How to Review EEBO Materials

Note: Some of this may be more easily done using a parsing editor with display options (e.g. XMetaL or EPCedit), but these instructions presuppose that you are using the plain-text editor TextPad.

  1. ACQUAINT YOURSELF with the book. Proof-reading the book should have already given you some familiarity with it. Page through the book more widely now, looking for signs of overall structure and organization; for anomalies and exceptions of all sorts, especially those that violate the overall organization or are likely to have confused the keyers; and for potentially problematic formatting, e.g. math, music, tables, lists, and complex marginalia.

  2. OPEN THE SGM FILE in TextPad. Double-clicking should be enough.

  3. PASTE IN A TEMPHEAD in place of the existing DOCTYPE declaration, in so doing replacing the existing doctype declaration with the one attached to the temphead (this replaces the keyers' rule set with ours). You may use a minimal temphead if you like, such as this:

    <CHANGE><DATE>yyyy-mm-dd</DATE><RESPSTMT><NAME>[name of reviewer]</NAME><RESP>MURP</RESP></RESPSTMT><ITEM>Proofed text and corrected markup.</ITEM></CHANGE>

    but many people use a more complicated one that contains a checklist of common problems to check, such as this:

    <CHANGE><DATE>yyyy-mm-dd</DATE><RESPSTMT><NAME>[name of reviewer]</NAME><RESP>MURP</RESP></RESPSTMT><ITEM>
    * Review overall document structure and hierarchy, including GROUP TEXT FRONT BODY BACK DIVs
    * Observe divtop and divbottom material marking beginnings and ends of divisions, check that they are correctly tagged as HEAD, HEADNOTE, CLOSER, OPENER, ARGUMENT, EPIGRAPH, SIGNED, DATELINE, BYLINE, etc.
    * Add TYPEs to DIVs in order to validate, making sure that the @type structure makes sense as a navigational aide, and that each type makes sense wrt to the one above it.
    * Survey book for troublesome formats of all kinds, including lists, illustrations, tables, music, math, end-notes, quasi-tabular arrangments, and marginalia.
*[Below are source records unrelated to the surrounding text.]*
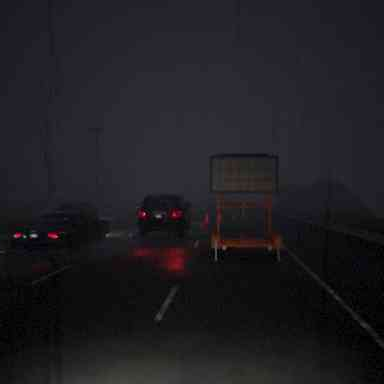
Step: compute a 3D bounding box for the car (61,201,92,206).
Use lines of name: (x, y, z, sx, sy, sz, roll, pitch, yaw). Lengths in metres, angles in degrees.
car: (-8.060, 1.437, 23.636, 1.837, 1.490, 4.892, 0, 0, 2)

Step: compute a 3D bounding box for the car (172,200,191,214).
car: (-1.079, 1.500, 35.035, 1.895, 1.301, 4.718, 0, 0, -2)

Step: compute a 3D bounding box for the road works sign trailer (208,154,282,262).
road works sign trailer: (1.860, 0.429, 12.038, 2.380, 3.560, 2.880, 0, 0, 3)

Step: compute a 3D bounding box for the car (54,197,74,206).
car: (-20.303, 1.450, 52.841, 1.895, 1.301, 4.718, 0, 0, -8)

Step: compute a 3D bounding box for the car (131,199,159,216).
car: (-4.498, 1.453, 32.703, 2.033, 1.411, 5.357, 0, 0, -1)

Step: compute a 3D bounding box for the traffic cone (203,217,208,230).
traffic cone: (0.793, 1.900, 19.119, 0.340, 0.580, 0.340, 0, 0, 3)

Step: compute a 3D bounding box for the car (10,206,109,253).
car: (-5.060, 1.508, 13.594, 2.033, 1.411, 5.357, 0, 0, 5)

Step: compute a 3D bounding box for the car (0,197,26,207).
car: (-27.041, 1.457, 50.502, 1.895, 1.301, 4.718, 0, 0, -7)

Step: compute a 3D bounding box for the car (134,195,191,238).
car: (-1.302, 1.170, 17.478, 2.150, 2.045, 5.566, 0, 0, 4)

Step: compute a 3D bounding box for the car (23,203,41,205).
car: (-23.465, 1.458, 50.099, 1.895, 1.301, 4.718, 0, 0, -7)

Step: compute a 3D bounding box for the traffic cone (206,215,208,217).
traffic cone: (0.913, 1.895, 21.116, 0.340, 0.580, 0.340, 0, 0, 3)
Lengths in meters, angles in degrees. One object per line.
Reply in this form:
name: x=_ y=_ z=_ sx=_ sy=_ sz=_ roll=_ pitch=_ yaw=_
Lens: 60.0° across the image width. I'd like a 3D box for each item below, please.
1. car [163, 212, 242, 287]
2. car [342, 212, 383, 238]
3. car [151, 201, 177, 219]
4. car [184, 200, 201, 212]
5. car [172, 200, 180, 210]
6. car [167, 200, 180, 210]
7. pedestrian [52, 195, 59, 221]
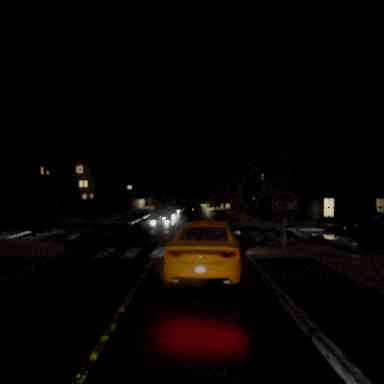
car: x=0.417 y=1.579 z=9.748 sx=1.882 sy=1.535 sz=5.008 roll=0 pitch=-1 yaw=5
car: x=11.666 y=1.979 z=20.291 sx=4.674 sy=1.442 sz=1.812 roll=1 pitch=1 yaw=0
car: x=-2.863 y=1.888 z=32.833 sx=2.033 sy=1.411 sz=5.357 roll=0 pitch=-1 yaw=0
car: x=0.090 y=1.971 z=39.351 sx=1.994 sy=1.385 sz=4.181 roll=0 pitch=-1 yaw=0
car: x=-2.854 y=1.933 z=42.818 sx=2.128 sy=1.511 sz=4.902 roll=0 pitch=-1 yaw=0
car: x=-2.848 y=2.067 z=52.899 sx=1.812 sy=1.442 sz=4.674 roll=0 pitch=-1 yaw=0
pedestrian: x=-9.687 y=1.113 z=23.557 sx=0.375 sy=1.860 sz=0.375 roll=0 pitch=0 yaw=1
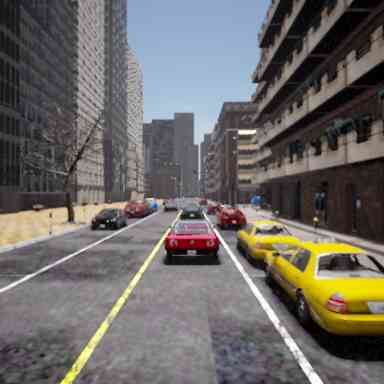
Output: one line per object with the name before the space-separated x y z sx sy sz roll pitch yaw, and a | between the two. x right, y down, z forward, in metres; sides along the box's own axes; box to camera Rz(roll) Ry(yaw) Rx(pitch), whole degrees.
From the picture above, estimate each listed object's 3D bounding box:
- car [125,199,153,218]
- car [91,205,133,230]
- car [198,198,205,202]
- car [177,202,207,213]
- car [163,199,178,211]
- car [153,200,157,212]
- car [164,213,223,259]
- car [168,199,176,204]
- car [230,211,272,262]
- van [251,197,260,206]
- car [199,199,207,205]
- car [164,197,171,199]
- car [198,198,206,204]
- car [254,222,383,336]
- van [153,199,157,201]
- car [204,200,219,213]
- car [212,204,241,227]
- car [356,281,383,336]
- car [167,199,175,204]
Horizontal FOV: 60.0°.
car | -5.695 1.678 34.385 2.192 1.841 5.009 0 -1 0
car | -5.694 1.811 23.338 1.947 1.339 4.313 0 -1 0
car | 2.687 2.398 77.815 1.887 1.381 4.507 0 -1 0
car | 0.025 1.864 28.490 1.994 1.385 4.181 0 -1 0
car | -3.010 2.066 48.530 2.033 1.411 5.357 0 -1 0
car | -5.694 1.989 39.905 1.947 1.339 4.313 0 -1 0
car | 0.019 1.739 13.244 1.895 1.301 4.718 0 -1 0
car | -5.693 2.616 94.398 1.947 1.339 4.313 0 -1 0
car | 2.685 1.655 12.462 1.752 1.417 4.829 0 -1 0
van | 13.709 1.817 65.376 3.998 1.788 1.690 -1 0 0
car | 2.687 2.463 83.342 1.887 1.381 4.507 0 -1 0
car | -5.694 2.169 77.819 2.192 1.841 5.009 0 -1 0
car | 2.686 2.423 88.870 1.967 1.590 4.097 0 -1 0
car | 2.686 1.598 6.939 1.752 1.417 4.829 0 -1 0
van | -5.695 1.825 45.430 1.690 1.788 3.998 0 -1 0
car | 2.686 1.967 39.904 1.887 1.381 4.507 0 -1 0
car | 2.686 1.789 23.337 1.887 1.381 4.507 0 -1 0
car | 2.686 1.580 1.247 1.947 1.339 4.313 0 -1 0
car | -5.693 2.528 88.870 1.887 1.381 4.507 0 -1 0

Made sure that it was correctly tagged. Decide how much is worth changing.
    * Look for unobtrusive numerations and other occult signs of structure. Do they mark divs? milestones?
    * Examine marginalia. Is it all best tagged as NOTE?
    * Look for illustrations, make sure that usable text within them has been captured and correctly tagged.
    * Add FIGDESCs to any and all likely illustrations.
    * Check placement and completeness of PBs.
    * Check for GAPs and #s.
    * If appropriate, check for yoghs.
    * If appropriate, check for Latin problems, e.g. oe and ae digraphs
    * If appropriate, check for abbreviation and brevigraph problems.
    * If appropriate, check for units of measure, symbols (alchemical, astronomical, etc.) and the like.
    * Look for decorated initials. Have they been marked as such?
    * Survey the illegibles. decide whether resolving them is feasible or even possible. Use the 100 rule only as a rule of thumb. Resolve those you can.
    * Correct the errors found during proofing.
    * Proof title page(s).
    * Run 'skint'
    * Run 'check'
    * Run "v'

    The existing templates include a good deal of boilerplate. Pieces of it that do not apply can be deleted. This area is used to record anything distinctive done to the text, or anything left undone, e.g. "blackletter text should have been tagged as HI throughout, but wasn't." Feel free to edit the templates if you find that they do not accurately reflect the most common tasks that you find yourself performing in the books. Many reviewers use the template as a quick checklist of things to do and look for. If you do not use it this way, you may prefer to use a very shortened form of template.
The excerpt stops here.